The fix lives at the same action boundary the security chapter put guardrails on, and it is the same shape of fix: deterministic code at the tool, not a model's judgment. Every side-effecting tool takes an idempotency key, a string derived from the run and the specific logical action it is performing, and the tool deduplicates on that key. The send-email tool is called with a key of, say, a hash of the run identifier, the recipient, and the message template. The first call with that key sends the email and records the key with its result. The second call with the same key does not send anything. It finds the recorded result and returns it. The retry still happens, the reviewer still calls send-email, and the client still receives exactly one email.

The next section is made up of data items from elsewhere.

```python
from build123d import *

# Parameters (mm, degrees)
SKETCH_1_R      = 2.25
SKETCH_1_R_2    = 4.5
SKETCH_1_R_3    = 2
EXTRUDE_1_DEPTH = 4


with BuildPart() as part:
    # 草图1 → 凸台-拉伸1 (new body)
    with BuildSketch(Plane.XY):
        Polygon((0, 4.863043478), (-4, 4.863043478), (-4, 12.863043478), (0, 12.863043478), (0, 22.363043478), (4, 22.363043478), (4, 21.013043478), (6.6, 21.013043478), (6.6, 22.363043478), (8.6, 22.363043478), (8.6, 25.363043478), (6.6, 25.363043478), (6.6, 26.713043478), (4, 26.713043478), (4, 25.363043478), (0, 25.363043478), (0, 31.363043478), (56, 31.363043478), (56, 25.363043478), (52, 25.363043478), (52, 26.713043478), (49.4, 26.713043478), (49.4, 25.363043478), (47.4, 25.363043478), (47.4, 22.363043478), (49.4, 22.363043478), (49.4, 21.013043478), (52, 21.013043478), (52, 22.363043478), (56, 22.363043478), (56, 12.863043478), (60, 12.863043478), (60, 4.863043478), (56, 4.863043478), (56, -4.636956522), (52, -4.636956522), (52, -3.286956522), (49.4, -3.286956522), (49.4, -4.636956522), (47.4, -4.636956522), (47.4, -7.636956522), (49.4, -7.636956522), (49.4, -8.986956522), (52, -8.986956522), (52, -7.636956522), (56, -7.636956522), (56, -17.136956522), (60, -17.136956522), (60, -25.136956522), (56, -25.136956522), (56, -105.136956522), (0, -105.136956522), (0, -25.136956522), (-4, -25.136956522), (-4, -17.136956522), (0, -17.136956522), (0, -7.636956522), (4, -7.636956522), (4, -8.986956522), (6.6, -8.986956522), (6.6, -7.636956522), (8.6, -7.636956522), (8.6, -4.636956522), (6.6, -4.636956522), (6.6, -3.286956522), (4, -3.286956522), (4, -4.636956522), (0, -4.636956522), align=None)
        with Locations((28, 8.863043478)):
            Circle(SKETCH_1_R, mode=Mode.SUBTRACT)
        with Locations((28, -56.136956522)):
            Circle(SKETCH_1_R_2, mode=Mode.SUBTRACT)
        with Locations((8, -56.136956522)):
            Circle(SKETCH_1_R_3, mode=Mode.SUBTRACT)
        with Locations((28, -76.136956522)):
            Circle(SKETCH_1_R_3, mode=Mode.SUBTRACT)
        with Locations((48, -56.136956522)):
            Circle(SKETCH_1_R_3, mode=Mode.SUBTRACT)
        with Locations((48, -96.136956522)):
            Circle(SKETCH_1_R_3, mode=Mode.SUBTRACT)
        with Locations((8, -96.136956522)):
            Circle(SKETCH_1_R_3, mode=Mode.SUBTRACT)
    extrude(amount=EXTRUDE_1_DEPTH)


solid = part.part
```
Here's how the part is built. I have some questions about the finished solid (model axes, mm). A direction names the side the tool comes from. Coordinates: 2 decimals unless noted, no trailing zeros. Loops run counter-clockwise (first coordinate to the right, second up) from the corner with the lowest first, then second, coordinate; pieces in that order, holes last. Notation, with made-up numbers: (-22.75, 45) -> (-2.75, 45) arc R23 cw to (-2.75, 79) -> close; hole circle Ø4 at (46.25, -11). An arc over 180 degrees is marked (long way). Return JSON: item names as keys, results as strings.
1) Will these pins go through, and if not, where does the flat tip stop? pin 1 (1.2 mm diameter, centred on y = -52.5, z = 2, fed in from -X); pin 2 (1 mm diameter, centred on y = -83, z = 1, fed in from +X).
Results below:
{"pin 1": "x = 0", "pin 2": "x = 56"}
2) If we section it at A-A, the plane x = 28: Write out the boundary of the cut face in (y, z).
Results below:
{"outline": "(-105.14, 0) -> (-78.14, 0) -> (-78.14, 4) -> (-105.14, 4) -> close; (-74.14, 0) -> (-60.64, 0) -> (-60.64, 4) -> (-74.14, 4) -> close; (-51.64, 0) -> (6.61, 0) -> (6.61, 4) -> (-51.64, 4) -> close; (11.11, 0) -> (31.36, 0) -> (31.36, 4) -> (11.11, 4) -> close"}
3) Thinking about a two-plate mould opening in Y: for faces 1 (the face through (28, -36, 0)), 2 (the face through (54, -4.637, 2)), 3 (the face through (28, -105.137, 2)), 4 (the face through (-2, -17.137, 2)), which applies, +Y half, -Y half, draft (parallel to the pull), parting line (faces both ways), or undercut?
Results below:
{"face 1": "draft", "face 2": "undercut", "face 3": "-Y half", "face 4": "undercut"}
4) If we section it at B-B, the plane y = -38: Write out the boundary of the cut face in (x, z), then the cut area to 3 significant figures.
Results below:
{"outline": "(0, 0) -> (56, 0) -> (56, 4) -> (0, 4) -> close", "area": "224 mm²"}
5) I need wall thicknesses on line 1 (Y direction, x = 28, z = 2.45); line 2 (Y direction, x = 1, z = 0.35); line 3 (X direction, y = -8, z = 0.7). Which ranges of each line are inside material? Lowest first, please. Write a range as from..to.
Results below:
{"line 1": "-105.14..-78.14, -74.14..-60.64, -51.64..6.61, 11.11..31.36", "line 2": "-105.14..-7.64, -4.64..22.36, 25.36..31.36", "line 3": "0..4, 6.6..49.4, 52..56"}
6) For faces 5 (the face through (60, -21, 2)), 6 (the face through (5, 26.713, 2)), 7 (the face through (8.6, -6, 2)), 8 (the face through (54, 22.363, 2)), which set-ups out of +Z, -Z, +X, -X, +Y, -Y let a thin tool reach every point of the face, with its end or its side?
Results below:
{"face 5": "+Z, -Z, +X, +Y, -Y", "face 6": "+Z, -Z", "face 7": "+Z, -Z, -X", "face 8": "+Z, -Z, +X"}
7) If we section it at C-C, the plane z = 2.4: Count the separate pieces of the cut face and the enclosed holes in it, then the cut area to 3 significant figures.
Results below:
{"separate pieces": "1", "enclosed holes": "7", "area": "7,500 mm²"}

This is the single highest-leverage move in the chapter, because it converts a retry from a liability back into the safe primitive it is supposed to be. Once every side effect is idempotent, you can retry the whole run as many times as you like and the outside world sees each action exactly once. A run retried three times sends one email, not three. The key has to be derived from the logical action, not generated fresh per call, or you have defeated the entire mechanism: a new random key every attempt is the same as no key at all. And the dedup has to live server-side, at or behind the tool, because a check the agent performs in its own reasoning is exactly the check a replay will perform again and pass again.

Checkpoint the run so a retry resumes, not restarts

Idempotency makes a replay safe. It does not make it free. If the run fails at the reviewer, the sixth agent, a blind retry still re-runs the planner, the retriever, both extraction workers, and the reconciler before it gets back to the point of failure, and every one of those is a fresh model call you pay for again. The observability chapter measured a single run of this pipeline at around 41,000 tokens. Re-running five of its six agents to recover from a failure in the sixth pays roughly five sixths of that bill, tens of thousands of tokens, to redo work that already succeeded.

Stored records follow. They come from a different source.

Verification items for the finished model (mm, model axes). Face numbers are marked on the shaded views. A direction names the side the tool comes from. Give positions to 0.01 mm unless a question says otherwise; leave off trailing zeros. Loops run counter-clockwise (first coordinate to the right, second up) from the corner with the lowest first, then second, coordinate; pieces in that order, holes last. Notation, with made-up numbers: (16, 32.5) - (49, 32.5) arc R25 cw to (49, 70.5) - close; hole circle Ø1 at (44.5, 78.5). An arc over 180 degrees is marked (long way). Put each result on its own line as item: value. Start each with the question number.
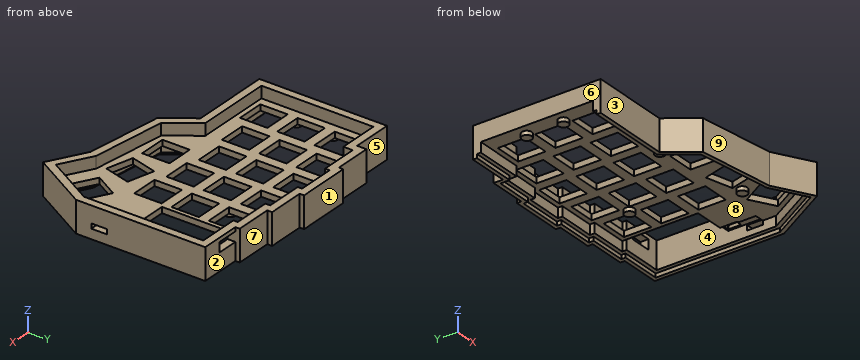
```python
from build123d import *

# Parameters (mm, degrees)
PAD005_DEPTH        = 16
POCKET_DEPTH        = 6
POCKET012_DEPTH     = 7
SKETCH001_W         = 14
SKETCH001_H         = 14
SKETCH001_W_2       = 20.75
SKETCH001_H_2       = 36.5
POCKET013_DEPTH     = 3
MIRROREDSKETCH009_R = 2.5
PAD_DEPTH           = 5
SKETCH_W            = 8
SKETCH_H            = 2.5
POCKET014_DEPTH     = 5
SKETCH015_W         = 11
SKETCH015_H         = 5
POCKET015_DEPTH     = 7
POCKET018_DEPTH     = 2
POCKET025_DEPTH     = 5
POCKET026_DEPTH     = 1.1


with BuildPart() as part:
    # MirroredSketch002 → Pad005 (new body)
    with BuildSketch(Plane.XY):
        Polygon((12.847899, 60.749919), (33.482443, 60.749919), (33.482443, 65.499919), (52.492443, 65.499919), (52.492443, 67.749919), (79.492443, 67.749919), (79.492443, 65.499919), (98.492443, 65.499919), (98.492443, 62.999919), (117.482443, 62.999919), (117.482443, 60.749919), (138.232443, 60.749919), (138.232443, -5.348885), (121.287497, -34.793261), (102.74032, -24.222717), (63.98748, -18.955575), (53.446293, -4.5), (12.847899, -4.5), align=None)
    extrude(amount=PAD005_DEPTH)

    # MirroredSketch005 → Pocket (cut)
    with BuildSketch(Plane.XY.offset(16)):
        Polygon((16.847899, -0.5), (16.847899, 56.75), (37.482443, 56.75), (37.482443, 61.499919), (56.492443, 61.499919), (56.492443, 63.749919), (75.492443, 63.749919), (75.492443, 61.499919), (94.492443, 61.499919), (94.492443, 58.999919), (113.482443, 58.999919), (113.482443, 56.749919), (134.232443, 56.749919), (134.232443, -4.280081), (119.807428, -29.345701), (104.047316, -20.363581), (66.215158, -15.221576), (55.48, -0.5), align=None)
    extrude(amount=-POCKET_DEPTH, mode=Mode.SUBTRACT)

    # MirroredSketch006 → Pocket012 (cut)
    with BuildSketch(Plane.XY):
        Polygon((-0.5, -0.5), (-0.5, 56.75), (37.482443, 56.75), (37.482443, 61.499919), (56.492443, 61.499919), (56.492443, 63.749919), (75.492443, 63.749919), (75.492443, 61.499919), (94.492443, 61.499919), (94.492443, 58.999919), (113.482443, 58.999919), (113.482443, 56.749919), (134.232443, 56.749919), (134.232443, -4.280081), (119.807428, -29.345701), (104.047316, -20.363581), (66.215158, -15.221576), (55.48, -0.5), align=None)
    extrude(amount=POCKET012_DEPTH, mode=Mode.SUBTRACT)

    # Sketch001 → Pocket013 (cut)
    with BuildSketch(Plane.XY.offset(10)):
        with Locations((75.62, -5.79)):
            Rectangle(SKETCH001_W, SKETCH001_H)
        Polygon((91.629303, 0.089303), (105.156052, -3.52), (101.546749, -17.046749), (88.02, -13.437445), align=None)
        Polygon((116.274632, -2.66), (128.398988, -9.66), (121.398988, -21.784355), (109.276749, -14.785577), align=None)
        with Locations((28.07, 47.16)):
            Rectangle(SKETCH001_W, SKETCH001_H)
        with Locations((28.07, 9.06)):
            Rectangle(SKETCH001_W, SKETCH001_H)
        with Locations((47.12, 51.97)):
            Rectangle(SKETCH001_W, SKETCH001_H)
        with Locations((47.12, 13.87)):
            Rectangle(SKETCH001_W, SKETCH001_H)
        with Locations((66.17, 54.27)):
            Rectangle(SKETCH001_W, SKETCH001_H)
        with Locations((66.17, 16.17)):
            Rectangle(SKETCH001_W, SKETCH001_H)
        with Locations((85.22, 51.87)):
            Rectangle(SKETCH001_W, SKETCH001_H)
        with Locations((85.22, 13.77)):
            Rectangle(SKETCH001_W, SKETCH001_H)
        with Locations((104.27, 49.54)):
            Rectangle(SKETCH001_W, SKETCH001_H)
        with Locations((47.12, 32.92)):
            Rectangle(SKETCH001_W, SKETCH001_H)
        with Locations((66.17, 35.22)):
            Rectangle(SKETCH001_W, SKETCH001_H)
        with Locations((28.07, 28.11)):
            Rectangle(SKETCH001_W, SKETCH001_H)
        with Locations((104.27, 30.49)):
            Rectangle(SKETCH001_W, SKETCH001_H)
        with Locations((104.27, 11.44)):
            Rectangle(SKETCH001_W, SKETCH001_H)
        with Locations((85.22, 32.82)):
            Rectangle(SKETCH001_W, SKETCH001_H)
        with Locations((123.857443, 38.499919)):
            Rectangle(SKETCH001_W_2, SKETCH001_H_2)
    extrude(amount=-POCKET013_DEPTH, mode=Mode.SUBTRACT)

    # MirroredSketch009 → Pad (join)
    with BuildSketch(Plane.XY.offset(10)):
        with Locations((18.61, 37.509997)):
            Circle(MIRROREDSKETCH009_R)
        with Locations((18.6, 18.76)):
            Circle(MIRROREDSKETCH009_R)
        with Locations((94.55, 41.252659)):
            Circle(MIRROREDSKETCH009_R)
        with Locations((61.84, 1.51)):
            Circle(MIRROREDSKETCH009_R)
        with Locations((108.3, -6.24)):
            Circle(MIRROREDSKETCH009_R)
    extrude(amount=-PAD_DEPTH)

    # Sketch → Pocket014 (cut)
    with BuildSketch(Plane.YZ.offset(138.3)):
        with Locations((6.479556, 6.26)):
            Rectangle(SKETCH_W, SKETCH_H)
    extrude(amount=-POCKET014_DEPTH, mode=Mode.SUBTRACT)

    # Sketch015 → Pocket015 (cut)
    with BuildSketch(Plane(origin=(6, 56.73, -16.55), x_dir=(1, 0, 0), z_dir=(0, -1, 0))):
        with Locations((116.982443, 28.05)):
            Rectangle(SKETCH015_W, SKETCH015_H)
    extrude(amount=-POCKET015_DEPTH, mode=Mode.SUBTRACT)

    # MirroredSketch013 → Pocket018 (cut)
    with BuildSketch(Plane.XY):
        Polygon((-2.5, 58.75), (35.482443, 58.75), (35.482443, 63.499919), (54.492443, 63.499919), (54.492443, 65.749919), (77.492443, 65.749919), (77.492443, 63.499919), (96.492443, 63.499919), (96.492443, 60.999919), (115.482443, 60.999919), (115.482443, 58.749919), (136.232443, 58.749919), (136.232443, -4.814483), (120.547462, -32.069481), (103.393818, -22.293149), (65.101319, -17.088576), (54.463147, -2.5), (-2.5, -2.5), align=None)
        Polygon((-0.5, -0.5), (-0.5, 56.75), (37.482443, 56.75), (37.482443, 61.499919), (56.492443, 61.499919), (56.492443, 63.749919), (75.492443, 63.749919), (75.492443, 61.499919), (94.492443, 61.499919), (94.492443, 58.999919), (113.482443, 58.999919), (113.482443, 56.749919), (134.232443, 56.749919), (134.232443, -4.280081), (119.807428, -29.345701), (104.047316, -20.363581), (66.215158, -15.221576), (55.48, -0.5), align=None, mode=Mode.SUBTRACT)
    extrude(amount=POCKET018_DEPTH, mode=Mode.SUBTRACT)

    # Sketch042 → Pocket025 (cut)
    with BuildSketch(Plane(origin=(131.5, 16.2, 8.1), x_dir=(1, 0, 0), z_dir=(0, 0, 1))):
        with BuildLine():
            ThreePointArc((-1.699662, -3.023679), (-1.602072, -3.215198), (-1.401398, -3.292227))
            Line((1.461956, -3.292227), (-1.401398, -3.292227))
            ThreePointArc((1.461956, -3.292227), (1.630798, -3.203454), (1.698398, -3.025076))
            Line((1.698398, 3.034671), (1.698398, -3.025076))
            ThreePointArc((1.698398, 3.034671), (1.611903, 3.194523), (1.444123, 3.264409))
            Line((-1.429415, 3.264409), (1.444123, 3.264409))
            ThreePointArc((-1.429415, 3.264409), (-1.620509, 3.185256), (-1.699662, 2.994162))
            Line((-1.699662, -3.023679), (-1.699662, 2.994162))
        make_face()
    extrude(amount=POCKET025_DEPTH, mode=Mode.SUBTRACT)

    # Sketch045 → Pocket026 (cut)
    with BuildSketch(Plane.XY.offset(7)):
        with BuildLine():
            Line((128.626114, 20.249919), (128.626114, 12.337918))
            ThreePointArc((128.626114, 12.337918), (128.679151, 12.055368), (128.83104, 11.811285))
            Line((128.83104, 11.811285), (129.270661, 11.331936))
            ThreePointArc((129.4413, 10.893416), (129.397137, 11.128691), (129.270661, 11.331936))
            Line((129.4413, 10.893416), (129.4413, 3.123712))
            ThreePointArc((129.4413, 3.123712), (129.629969, 2.668225), (130.085456, 2.479556))
            Line((130.085456, 2.479556), (134.232443, 2.479556))
            Line((134.232443, 20.249919), (134.232443, 2.479556))
            Line((128.626114, 20.249919), (134.232443, 20.249919))
        make_face()
    extrude(amount=POCKET026_DEPTH, mode=Mode.SUBTRACT)


solid = part.part
```
1) Section check B-B, the plane x = 84.5. Enter the section's corners in (y, z), plus the area to 3 significant figures.
2) Set-up check for the marked faces 1, 2, 3, 4 and 5: record each of +Z, -Z, +X, -X, +Y, -Y from which the full face is reachable in a straight line by a thin tool's end or side.
3) Section check A-A, the plane y = 30.5. State how many separate pieces and enclosed holes the cut face has, plus the area to 3 significant figures.
4) Draft check along Y on the marked faces 6, 7, 8 and 9. Enter one of: pulls with the +Y half, pulls with the -Y half, needs draft (parallel to the pull), parting line crosses it, or undercut.
5) Depth check by flat-ended pin: P1, Ø4, axis at x = 33.5, z = 12, coming from the +Y side; P2, Ø0.9, axis at y = -9, z = 8, coming from the -X side; P3, Ø2, axis at x = 23.5, z = 1, coming from the -Y side. Enter the tip coordinate at first touch or a pass-through.
6) Scan lines: line 1 along X through (y, z) = (42, 8.5); line 2 along X through (y, z) = (18.5, 11.5); line 3 along X through (y, z) = (59.5, 3). Record each from-to range of solid material in increasing order. Write a range as from..to.
7) Section check D-D, the plane x = 18.61. Enter the section's corners in (y, z), plus the area to 3 significant figures.
Results are:
1. outline: (-21.74, 0) - (-19.73, 0) - (-19.73, 2) - (-17.71, 2) - (-17.71, 7) - (6.77, 7) - (6.77, 10) - (-17.71, 10) - (-17.71, 16) - (-21.74, 16) - close; (20.77, 7) - (25.82, 7) - (25.82, 10) - (20.77, 10) - close; (39.82, 7) - (44.87, 7) - (44.87, 10) - (39.82, 10) - close; (58.87, 7) - (61.5, 7) - (61.5, 2) - (63.5, 2) - (63.5, 0) - (65.5, 0) - (65.5, 16) - (61.5, 16) - (61.5, 10) - (58.87, 10) - close
1. area: 232 mm2
2. face 1: +Z, -Z, +X, -X, +Y
2. face 2: +Z, -Z, +X, +Y
2. face 3: +Z, -Z, -X, -Y
2. face 4: none
2. face 5: +Z, -Z, -X, +Y
3. separate pieces: 7
3. enclosed holes: 0
3. area: 176 mm2
4. face 6: needs draft
4. face 7: pulls with the +Y half
4. face 8: undercut
4. face 9: pulls with the -Y half
5. P1: stops at y = 65.5
5. P2: stops at x = 56.4
5. P3: stops at y = -4.5
6. line 1: x = 12.85..21.07, 35.07..59.17, 73.17..113.48, 134.23..138.23
6. line 2: x = 12.85..16.85, 134.23..138.23
6. line 3: x = 12.85..37.48, 94.49..138.23
7. outline: (-4.5, 0) - (-2.5, 0) - (-2.5, 2) - (-0.5, 2) - (-0.5, 7) - (16.26, 7) - (16.26, 5) - (21.26, 5) - (21.26, 7) - (35.01, 7) - (35.01, 5) - (40.01, 5) - (40.01, 7) - (56.75, 7) - (56.75, 2) - (58.75, 2) - (58.75, 0) - (60.75, 0) - (60.75, 16) - (56.75, 16) - (56.75, 10) - (-0.5, 10) - (-0.5, 16) - (-4.5, 16) - close
7. area: 312 mm2

The fix is to checkpoint. As each agent completes, write its output to durable storage keyed by the run identifier and the step. On a retry, before running a step, check whether its checkpoint already exists, and if it does, load the output and skip straight to the next step. The retry resumes at the reviewer instead of restarting at the planner. It pays for the one failed step and its tail, a few thousand tokens, instead of re-running the whole pipeline. The checkpointed outputs are the same notes the agents pass each other from the hand-offs chapter, with one addition: they are written down where a second attempt can find them, so the second attempt inherits the first one's work instead of repeating it. Idempotency keeps a retry correct. Checkpointing keeps it cheap. You want both, because a correct retry that costs a full run every time is a reliability fix you will be tempted to turn off the first time the token bill arrives.

A diagram of why a multi-agent run cannot be made reliable with a retry, and what to do instead. The headline: you cannot retry your way out of a partial failure, because a single call fails all at once so a retry is safe, but a multi-agent run fails in the middle so a blind retry fires the side effect again. Across the top, the mechanic in three boxes: the run fails mid-way, where the reviewer already sent the email and then the finalize call timed out, then the blind retry replays steps one to five and reaches send email again, then the outcome is duplicated, the email sends twice and no metric flags it. Below on the left, four reasons a run fails in the middle: there is no transaction, so fourteen calls run with no COMMIT and no ROLLBACK; it fails in the middle, so some side effects are real and some never ran; the retry replays it, so it re-sends the email that already went out; and one run in eight lands partial, because fourteen calls at a one percent failure rate each leave about thirteen percent of runs with at least one failure. On the right, a table showing the fix changes the cost of a failure for the same run retried after a mid-way failure: emails per three retries fall from three to one, tokens to recover fall from about thirty-four thousand to about four thousand, and duplicate actions fall from three to zero, because the tool deduplicates on an idempotency key and a checkpoint lets the retry resume instead of restart. The fix band: the fix is at the action boundary, not around the run, so make every side-effecting tool idempotent with a key so a replay is a no-op, checkpoint each step so a retry resumes rather than restarts, compensate the steps you cannot make idempotent, and classify failures so you retry the transient and fail fast on the deterministic. The takeaway: a single call fails all at once so a retry is safe, but a multi-agent run fails in the middle after it has touched the outside world, so a blind retry is the second bug.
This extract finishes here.